Begin at the line containing "- handbag <box>536,142,639,350</box>" in the data below and go on through the line containing "- tape measure", repeating each line exactly; include both ends and no other line.

──────── Supplied records ────────

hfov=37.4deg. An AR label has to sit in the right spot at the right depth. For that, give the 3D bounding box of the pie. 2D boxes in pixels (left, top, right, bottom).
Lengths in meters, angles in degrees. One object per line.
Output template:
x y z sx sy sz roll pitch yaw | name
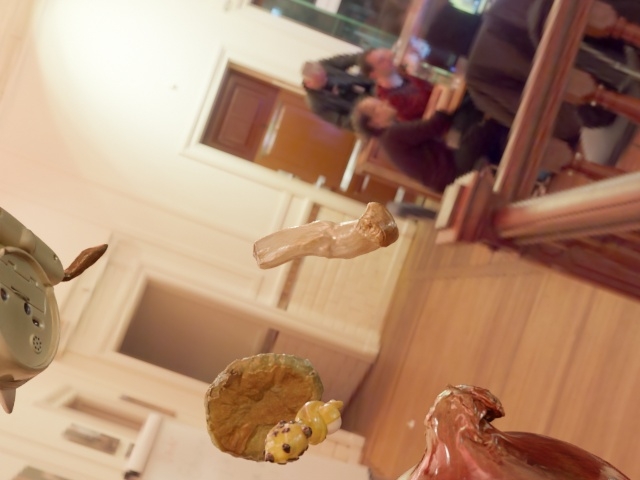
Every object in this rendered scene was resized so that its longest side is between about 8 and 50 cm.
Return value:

────────
──────── Supplied records ────────

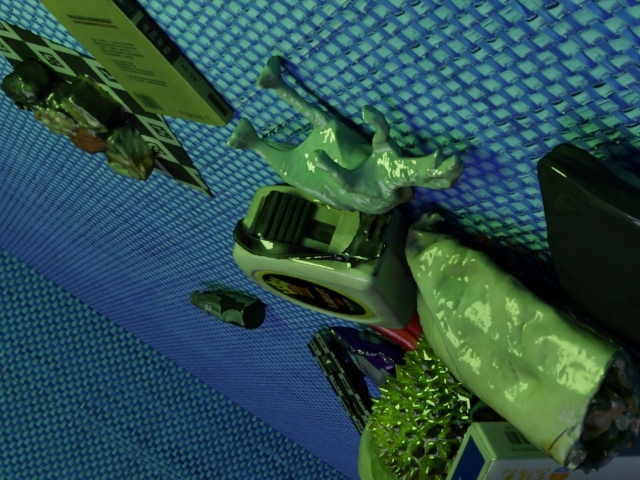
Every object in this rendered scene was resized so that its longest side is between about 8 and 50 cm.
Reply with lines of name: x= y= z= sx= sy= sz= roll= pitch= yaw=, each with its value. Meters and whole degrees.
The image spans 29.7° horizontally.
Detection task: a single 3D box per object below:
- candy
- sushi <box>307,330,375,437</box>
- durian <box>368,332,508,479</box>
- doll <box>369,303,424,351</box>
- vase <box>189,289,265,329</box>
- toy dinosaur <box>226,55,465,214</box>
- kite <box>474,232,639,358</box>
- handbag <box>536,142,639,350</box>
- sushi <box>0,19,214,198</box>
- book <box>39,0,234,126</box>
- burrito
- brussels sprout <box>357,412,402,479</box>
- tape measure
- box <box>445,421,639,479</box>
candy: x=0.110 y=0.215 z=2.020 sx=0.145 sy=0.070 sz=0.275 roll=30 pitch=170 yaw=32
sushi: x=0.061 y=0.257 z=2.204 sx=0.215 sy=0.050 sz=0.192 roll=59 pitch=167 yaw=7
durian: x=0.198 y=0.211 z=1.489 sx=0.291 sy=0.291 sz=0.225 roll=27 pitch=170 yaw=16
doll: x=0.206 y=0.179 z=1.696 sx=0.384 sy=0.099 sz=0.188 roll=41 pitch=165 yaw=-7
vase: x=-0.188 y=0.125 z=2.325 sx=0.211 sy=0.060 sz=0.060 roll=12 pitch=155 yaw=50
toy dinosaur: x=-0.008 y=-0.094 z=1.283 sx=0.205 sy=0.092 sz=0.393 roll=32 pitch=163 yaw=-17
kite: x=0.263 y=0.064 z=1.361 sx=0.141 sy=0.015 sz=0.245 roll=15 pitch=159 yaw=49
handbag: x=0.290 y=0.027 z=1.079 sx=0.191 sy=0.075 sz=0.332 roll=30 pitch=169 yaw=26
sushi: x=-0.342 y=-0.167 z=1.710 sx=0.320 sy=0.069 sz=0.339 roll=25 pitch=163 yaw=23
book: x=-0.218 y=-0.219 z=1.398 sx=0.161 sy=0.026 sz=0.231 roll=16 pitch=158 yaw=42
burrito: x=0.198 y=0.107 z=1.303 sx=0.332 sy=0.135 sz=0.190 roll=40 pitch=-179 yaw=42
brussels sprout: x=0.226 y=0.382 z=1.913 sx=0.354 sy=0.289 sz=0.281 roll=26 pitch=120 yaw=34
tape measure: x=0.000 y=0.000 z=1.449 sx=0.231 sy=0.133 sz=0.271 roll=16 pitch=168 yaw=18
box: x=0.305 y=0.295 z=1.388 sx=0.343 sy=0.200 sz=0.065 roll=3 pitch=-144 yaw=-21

────────

Answer box:
- handbag <box>536,142,639,350</box>
- sushi <box>0,19,214,198</box>
- book <box>39,0,234,126</box>
- burrito
- brussels sprout <box>357,412,402,479</box>
- tape measure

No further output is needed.